» REQUIRED WORK:
Output all the data exactly as it appears below.

(Records from a dataset)
--- --- ---
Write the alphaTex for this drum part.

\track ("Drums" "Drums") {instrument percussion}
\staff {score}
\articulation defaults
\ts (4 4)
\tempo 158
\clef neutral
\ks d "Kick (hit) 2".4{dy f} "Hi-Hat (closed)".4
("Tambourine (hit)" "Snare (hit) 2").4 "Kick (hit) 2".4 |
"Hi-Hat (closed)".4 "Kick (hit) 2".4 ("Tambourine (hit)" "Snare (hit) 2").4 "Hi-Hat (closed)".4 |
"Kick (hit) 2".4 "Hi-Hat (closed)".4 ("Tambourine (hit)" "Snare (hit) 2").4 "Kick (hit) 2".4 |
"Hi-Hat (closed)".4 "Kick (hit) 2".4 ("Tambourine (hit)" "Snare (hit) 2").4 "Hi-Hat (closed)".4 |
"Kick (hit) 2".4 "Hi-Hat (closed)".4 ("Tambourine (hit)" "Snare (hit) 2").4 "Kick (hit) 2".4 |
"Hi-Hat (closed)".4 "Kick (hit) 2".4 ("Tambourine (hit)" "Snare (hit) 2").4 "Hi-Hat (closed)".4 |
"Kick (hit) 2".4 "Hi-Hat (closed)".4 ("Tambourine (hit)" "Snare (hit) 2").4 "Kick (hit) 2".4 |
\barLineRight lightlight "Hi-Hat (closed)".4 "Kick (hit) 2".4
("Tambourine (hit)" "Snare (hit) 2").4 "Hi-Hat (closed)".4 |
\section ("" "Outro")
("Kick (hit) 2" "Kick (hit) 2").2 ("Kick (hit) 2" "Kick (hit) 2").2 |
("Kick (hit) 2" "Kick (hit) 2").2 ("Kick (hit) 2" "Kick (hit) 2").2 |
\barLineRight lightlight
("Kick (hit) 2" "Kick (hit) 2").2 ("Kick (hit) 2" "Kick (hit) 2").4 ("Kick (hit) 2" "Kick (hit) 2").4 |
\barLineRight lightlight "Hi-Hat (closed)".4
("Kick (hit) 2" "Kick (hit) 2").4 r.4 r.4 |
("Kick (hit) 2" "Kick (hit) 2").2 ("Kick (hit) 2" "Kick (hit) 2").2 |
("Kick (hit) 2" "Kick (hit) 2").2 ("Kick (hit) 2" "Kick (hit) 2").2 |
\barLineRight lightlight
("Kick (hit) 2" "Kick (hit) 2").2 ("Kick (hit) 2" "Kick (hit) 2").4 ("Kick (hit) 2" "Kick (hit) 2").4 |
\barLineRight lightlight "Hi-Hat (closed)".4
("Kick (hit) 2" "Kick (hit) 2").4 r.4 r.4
--- --- ---
» SOLUTION FOR THIS PROBLEM:
Write the alphaTex for this drum part.

\track ("Drums" "Drums") {instrument percussion}
\staff {score}
\articulation defaults
\ts (4 4)
\tempo 158
\clef neutral
\ks d "Kick (hit) 2".4{dy f} "Hi-Hat (closed)".4
("Tambourine (hit)" "Snare (hit) 2").4 "Kick (hit) 2".4 |
"Hi-Hat (closed)".4 "Kick (hit) 2".4 ("Tambourine (hit)" "Snare (hit) 2").4 "Hi-Hat (closed)".4 |
"Kick (hit) 2".4 "Hi-Hat (closed)".4 ("Tambourine (hit)" "Snare (hit) 2").4 "Kick (hit) 2".4 |
"Hi-Hat (closed)".4 "Kick (hit) 2".4 ("Tambourine (hit)" "Snare (hit) 2").4 "Hi-Hat (closed)".4 |
"Kick (hit) 2".4 "Hi-Hat (closed)".4 ("Tambourine (hit)" "Snare (hit) 2").4 "Kick (hit) 2".4 |
"Hi-Hat (closed)".4 "Kick (hit) 2".4 ("Tambourine (hit)" "Snare (hit) 2").4 "Hi-Hat (closed)".4 |
"Kick (hit) 2".4 "Hi-Hat (closed)".4 ("Tambourine (hit)" "Snare (hit) 2").4 "Kick (hit) 2".4 |
\barLineRight lightlight "Hi-Hat (closed)".4 "Kick (hit) 2".4
("Tambourine (hit)" "Snare (hit) 2").4 "Hi-Hat (closed)".4 |
\section ("" "Outro")
("Kick (hit) 2" "Kick (hit) 2").2 ("Kick (hit) 2" "Kick (hit) 2").2 |
("Kick (hit) 2" "Kick (hit) 2").2 ("Kick (hit) 2" "Kick (hit) 2").2 |
\barLineRight lightlight
("Kick (hit) 2" "Kick (hit) 2").2 ("Kick (hit) 2" "Kick (hit) 2").4 ("Kick (hit) 2" "Kick (hit) 2").4 |
\barLineRight lightlight "Hi-Hat (closed)".4
("Kick (hit) 2" "Kick (hit) 2").4 r.4 r.4 |
("Kick (hit) 2" "Kick (hit) 2").2 ("Kick (hit) 2" "Kick (hit) 2").2 |
("Kick (hit) 2" "Kick (hit) 2").2 ("Kick (hit) 2" "Kick (hit) 2").2 |
\barLineRight lightlight
("Kick (hit) 2" "Kick (hit) 2").2 ("Kick (hit) 2" "Kick (hit) 2").4 ("Kick (hit) 2" "Kick (hit) 2").4 |
\barLineRight lightlight "Hi-Hat (closed)".4
("Kick (hit) 2" "Kick (hit) 2").4 r.4 r.4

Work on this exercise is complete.